A few poems engage in conversations with Paul, the apostle. "Paul, I literally see through you/but you don't frighten me anymore, for I have looked into myself." "Paul, where have you gone?" "How long have I been sleeping, Paul?"

Then there are poetic fragments scattered throughout the poems, which captivate the readers. The reader pauses and searches for meaning though it's unclear whether the fragment has any meaning in the poem, or any meaning anywhere. The fragments refuse to surrender to the captivated mind.
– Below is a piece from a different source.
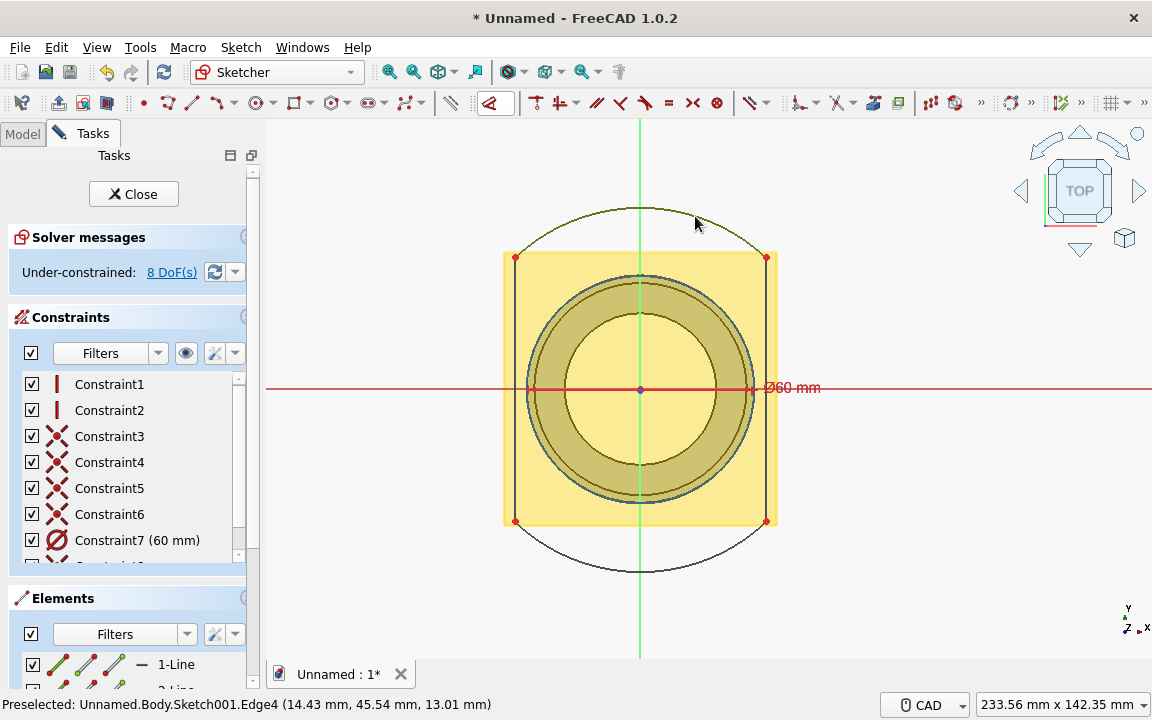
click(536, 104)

Consider "Nothing exists in the darkness that doesn't exist in the light." Or, "The dogs we don't have must be unleashed," or "What is the self/but that which fights the cold?" These fragments are not devoid of meaning, but their poetic effect endures independently of any rational comprehension.
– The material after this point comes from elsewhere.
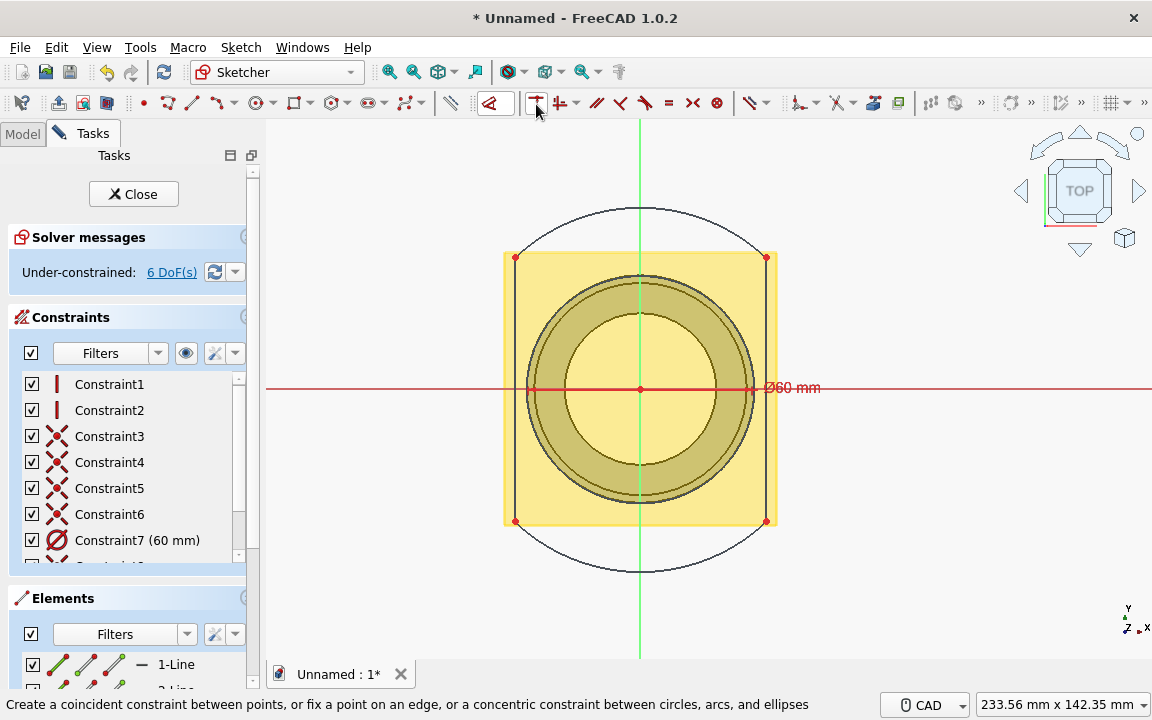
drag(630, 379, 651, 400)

The Caiplie Caves offers subdued poetry. "I like it at sea level." The words, the ideas, the passion, everything about the poems is subdued, understated, reserved, except for the "fuck” derivatives sprinkled here and there, which, too, produce little commotion. "In this territory/also known as Fuck You. Your home town/is now my home town." "The sea is neither animal/nor god. Won't be tamed or appeased." "I wanted an answer, not a choice, it's too late in life."

Poem after poem, line after line, the words flow with unpretentious sobriety. "one's self is not a well from which to draw endlessly." The poems host no emotional roller coasters, no rides, no swings, no drinking or kissing or lovemaking. There's nothing shocking (impious) to jolt the readers out of their emotive homeostasis. "My love (a tenant) . . ./sweeps droppings/from the paved deck like an owner with his whole heart."

"When I woke, my throat was raw, as if I'd shouted all night, or sung/Which I might have done, I don't remember, I was so high." Here, "high" does not necessarily mean intoxication.

A few lines in the poems express anti-capitalist ethos. "This performance of ‘I Want My Fucking Money’/broadcast live from the street will conclude/when the last human being on earth/has perished." "The robin never flew again,/bound as it was to Kentigern by debt." A few lines protest the harvesting of trees from the forest. "I saw trees turn into ships, and sail away." A few lines remonstrate climate change. "How can he sleep in such cold/Face up or face down/In sheets of fuel/The unbreathable aftermath."

For nutrition-conscious readers, there are "sugar" lines embedded in the Caiplie poems. "Are they converting/sugars of their loneliness/to conviction?" Gnawing on donuts in downtimes of nervousness, no reader would resent the cautionary note "but I'm afraid I'm not good/ for anything right now/feasting on simple sugars of my indecision. . . ."

Solie writes first-rate poetry, clean of clichés, free of thickheaded imagery, demonstrating good heartedness, reveling in diluted mysticism, drawing on inconsequential stories from the shores of Scotland. Most humans lead lives in the daily hustle and bustle, far away from any hermitage. The Caiplie caves are ordinary rocks, not as renowned as the Stonehenge. Still, Solie's poetry is as refreshing as are the words of lovers who meet for the first time and etch their hearts in the stone of the Caiplie caves.